The correct answer is Edward Said because the term "contrapuntal reading" is specifically associated with his work in postcolonial studies, particularly his seminal book "Culture and Imperialism" (1993).
Explanation:
Contrapuntal reading is a method proposed by Edward Said to analyze texts by considering both the dominant (imperial) narrative and the marginalized (colonized) perspectives. He draws an analogy to music, where "contrapuntal" refers to the combination of different, independent melodic lines. Similarly, Said advocates for reading texts in a way that reveals the interplay between the imperial perspective and the suppressed voices of the colonized.
Why not the others?
Mikhail Bakhtin: Associated with concepts like dialogism, heteroglossia, and the carnivalesque, Bakhtin focused on the multiplicity of voices in literary works but did not coin or use "contrapuntal reading."

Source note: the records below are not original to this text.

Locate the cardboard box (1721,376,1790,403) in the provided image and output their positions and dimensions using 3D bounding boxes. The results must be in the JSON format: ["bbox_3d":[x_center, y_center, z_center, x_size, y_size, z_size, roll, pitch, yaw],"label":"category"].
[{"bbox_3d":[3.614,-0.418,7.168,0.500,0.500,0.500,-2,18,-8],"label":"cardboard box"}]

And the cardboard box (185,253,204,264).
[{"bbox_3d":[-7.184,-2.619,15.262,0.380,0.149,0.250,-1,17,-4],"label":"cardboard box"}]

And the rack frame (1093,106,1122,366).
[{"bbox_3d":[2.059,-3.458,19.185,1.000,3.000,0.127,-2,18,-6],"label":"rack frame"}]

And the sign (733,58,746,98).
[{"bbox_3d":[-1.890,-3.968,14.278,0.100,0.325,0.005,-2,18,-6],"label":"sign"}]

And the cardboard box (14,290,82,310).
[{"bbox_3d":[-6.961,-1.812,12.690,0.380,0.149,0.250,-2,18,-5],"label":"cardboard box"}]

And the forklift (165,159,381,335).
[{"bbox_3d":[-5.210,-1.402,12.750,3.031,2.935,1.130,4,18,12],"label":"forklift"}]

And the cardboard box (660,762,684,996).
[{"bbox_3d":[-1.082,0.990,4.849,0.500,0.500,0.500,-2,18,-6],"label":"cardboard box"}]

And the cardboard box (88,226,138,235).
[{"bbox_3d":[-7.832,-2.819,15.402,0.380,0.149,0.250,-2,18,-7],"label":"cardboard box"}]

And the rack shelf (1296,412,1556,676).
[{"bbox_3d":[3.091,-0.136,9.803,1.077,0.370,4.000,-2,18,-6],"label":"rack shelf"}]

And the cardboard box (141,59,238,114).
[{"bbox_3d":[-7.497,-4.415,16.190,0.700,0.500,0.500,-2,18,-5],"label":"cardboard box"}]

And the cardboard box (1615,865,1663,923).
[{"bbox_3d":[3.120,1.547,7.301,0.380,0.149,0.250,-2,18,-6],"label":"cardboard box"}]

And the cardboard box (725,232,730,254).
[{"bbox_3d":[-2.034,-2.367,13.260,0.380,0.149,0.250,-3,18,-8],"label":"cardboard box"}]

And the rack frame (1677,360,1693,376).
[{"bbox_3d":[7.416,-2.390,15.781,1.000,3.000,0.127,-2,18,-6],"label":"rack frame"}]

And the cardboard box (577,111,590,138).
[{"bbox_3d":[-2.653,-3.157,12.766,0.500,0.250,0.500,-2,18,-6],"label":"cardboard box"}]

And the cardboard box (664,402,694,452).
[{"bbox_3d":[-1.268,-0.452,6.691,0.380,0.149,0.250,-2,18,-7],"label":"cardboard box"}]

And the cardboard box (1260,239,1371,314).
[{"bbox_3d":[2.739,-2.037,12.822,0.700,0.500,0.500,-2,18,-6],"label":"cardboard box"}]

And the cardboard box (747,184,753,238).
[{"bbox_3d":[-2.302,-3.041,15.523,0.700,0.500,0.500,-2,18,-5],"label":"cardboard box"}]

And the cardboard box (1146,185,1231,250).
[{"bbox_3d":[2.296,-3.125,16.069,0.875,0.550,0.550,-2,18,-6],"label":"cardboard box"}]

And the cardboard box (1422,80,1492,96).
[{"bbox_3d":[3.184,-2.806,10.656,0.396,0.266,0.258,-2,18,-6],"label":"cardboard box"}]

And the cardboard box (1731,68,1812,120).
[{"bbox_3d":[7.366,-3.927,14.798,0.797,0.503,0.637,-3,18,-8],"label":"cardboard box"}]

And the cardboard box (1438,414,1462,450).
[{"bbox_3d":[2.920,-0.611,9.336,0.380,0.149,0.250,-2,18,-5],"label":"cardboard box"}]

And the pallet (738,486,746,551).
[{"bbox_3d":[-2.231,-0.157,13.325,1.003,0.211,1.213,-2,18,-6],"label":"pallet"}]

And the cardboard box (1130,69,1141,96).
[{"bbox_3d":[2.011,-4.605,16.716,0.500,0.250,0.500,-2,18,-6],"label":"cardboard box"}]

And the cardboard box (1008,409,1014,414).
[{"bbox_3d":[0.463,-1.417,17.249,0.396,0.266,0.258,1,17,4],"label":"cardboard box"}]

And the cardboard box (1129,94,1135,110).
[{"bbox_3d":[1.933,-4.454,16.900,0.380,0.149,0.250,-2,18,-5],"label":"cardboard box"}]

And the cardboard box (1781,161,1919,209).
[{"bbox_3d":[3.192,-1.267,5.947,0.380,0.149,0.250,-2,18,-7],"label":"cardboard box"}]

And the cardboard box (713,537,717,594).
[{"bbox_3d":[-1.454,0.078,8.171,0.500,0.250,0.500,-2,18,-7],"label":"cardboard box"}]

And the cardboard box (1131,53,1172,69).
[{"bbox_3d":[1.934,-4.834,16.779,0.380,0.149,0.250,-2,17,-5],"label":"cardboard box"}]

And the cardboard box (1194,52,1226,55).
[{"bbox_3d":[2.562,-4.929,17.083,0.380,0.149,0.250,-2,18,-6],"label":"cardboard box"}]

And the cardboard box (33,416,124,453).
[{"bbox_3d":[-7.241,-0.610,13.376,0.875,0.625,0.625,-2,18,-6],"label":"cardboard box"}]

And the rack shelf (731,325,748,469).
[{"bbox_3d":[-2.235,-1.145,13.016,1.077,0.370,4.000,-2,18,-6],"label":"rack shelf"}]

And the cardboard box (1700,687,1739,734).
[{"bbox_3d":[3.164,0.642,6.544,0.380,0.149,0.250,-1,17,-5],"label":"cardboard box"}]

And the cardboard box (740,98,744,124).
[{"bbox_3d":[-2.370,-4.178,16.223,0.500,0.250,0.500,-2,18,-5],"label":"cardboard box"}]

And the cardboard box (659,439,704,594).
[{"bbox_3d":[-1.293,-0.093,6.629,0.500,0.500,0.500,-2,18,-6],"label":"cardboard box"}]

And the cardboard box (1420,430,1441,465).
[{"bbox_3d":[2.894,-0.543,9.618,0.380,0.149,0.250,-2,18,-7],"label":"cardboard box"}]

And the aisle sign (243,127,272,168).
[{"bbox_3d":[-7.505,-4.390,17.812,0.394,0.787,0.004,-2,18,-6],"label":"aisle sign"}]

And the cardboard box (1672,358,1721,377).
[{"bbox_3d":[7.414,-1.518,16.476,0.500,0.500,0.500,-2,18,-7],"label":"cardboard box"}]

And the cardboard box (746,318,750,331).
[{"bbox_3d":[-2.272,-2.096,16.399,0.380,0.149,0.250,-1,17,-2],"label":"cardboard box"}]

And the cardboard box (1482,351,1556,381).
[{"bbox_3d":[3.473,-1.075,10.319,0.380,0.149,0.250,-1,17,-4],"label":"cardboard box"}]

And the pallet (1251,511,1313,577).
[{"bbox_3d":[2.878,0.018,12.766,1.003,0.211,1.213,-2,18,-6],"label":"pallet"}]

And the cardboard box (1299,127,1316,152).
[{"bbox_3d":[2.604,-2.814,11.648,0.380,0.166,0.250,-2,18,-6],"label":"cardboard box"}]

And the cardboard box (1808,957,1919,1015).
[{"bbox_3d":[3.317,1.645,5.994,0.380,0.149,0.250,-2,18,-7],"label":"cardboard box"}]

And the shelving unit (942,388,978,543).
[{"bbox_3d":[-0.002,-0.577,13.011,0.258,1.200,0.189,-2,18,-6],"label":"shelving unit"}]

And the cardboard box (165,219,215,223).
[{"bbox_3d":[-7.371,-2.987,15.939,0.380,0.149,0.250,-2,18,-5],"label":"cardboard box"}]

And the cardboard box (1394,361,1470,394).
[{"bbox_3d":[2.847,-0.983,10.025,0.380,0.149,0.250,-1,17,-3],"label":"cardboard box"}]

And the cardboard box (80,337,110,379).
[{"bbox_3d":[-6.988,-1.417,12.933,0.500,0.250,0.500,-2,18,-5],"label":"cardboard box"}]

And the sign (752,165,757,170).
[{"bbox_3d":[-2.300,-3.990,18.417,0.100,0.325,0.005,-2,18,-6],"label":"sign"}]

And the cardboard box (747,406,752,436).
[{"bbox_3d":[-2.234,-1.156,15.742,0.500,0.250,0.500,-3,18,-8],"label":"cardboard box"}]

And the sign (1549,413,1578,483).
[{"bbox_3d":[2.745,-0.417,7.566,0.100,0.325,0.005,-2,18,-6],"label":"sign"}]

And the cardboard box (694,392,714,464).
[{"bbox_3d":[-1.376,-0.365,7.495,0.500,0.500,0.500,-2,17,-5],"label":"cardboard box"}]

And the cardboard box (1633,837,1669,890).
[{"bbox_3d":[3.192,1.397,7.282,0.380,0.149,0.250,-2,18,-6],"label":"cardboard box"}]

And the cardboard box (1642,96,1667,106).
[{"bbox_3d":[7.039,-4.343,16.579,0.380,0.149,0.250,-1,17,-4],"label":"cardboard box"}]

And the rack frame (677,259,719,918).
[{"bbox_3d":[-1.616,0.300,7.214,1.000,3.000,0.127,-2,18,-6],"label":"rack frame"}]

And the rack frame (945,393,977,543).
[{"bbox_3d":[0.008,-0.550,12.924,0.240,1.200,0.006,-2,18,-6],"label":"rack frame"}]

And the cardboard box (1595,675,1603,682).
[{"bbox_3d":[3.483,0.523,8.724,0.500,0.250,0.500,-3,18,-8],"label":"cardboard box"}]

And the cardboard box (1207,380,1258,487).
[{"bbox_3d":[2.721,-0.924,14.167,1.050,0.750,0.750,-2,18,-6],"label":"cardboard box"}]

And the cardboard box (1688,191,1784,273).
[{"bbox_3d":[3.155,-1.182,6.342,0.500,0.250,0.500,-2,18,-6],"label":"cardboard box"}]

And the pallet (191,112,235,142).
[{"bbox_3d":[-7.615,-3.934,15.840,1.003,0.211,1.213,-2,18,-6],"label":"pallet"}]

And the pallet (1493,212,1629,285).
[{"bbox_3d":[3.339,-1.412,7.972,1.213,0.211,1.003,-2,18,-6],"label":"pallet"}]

Roland Barthes: Known for ideas like the death of the author, mythologies, and semiotics, Barthes was focused on textuality and cultural codes rather than the specific postcolonial critique embodied in contrapuntal reading.
Jacques Derrida: The founder of deconstruction, Derrida analyzed the instability of meaning in texts but did not engage with the postcolonial focus central to Said's contrapuntal reading.
Thus, Edward Said is the critic most closely associated with the term contrapuntal reading, making option 2 the correct answer.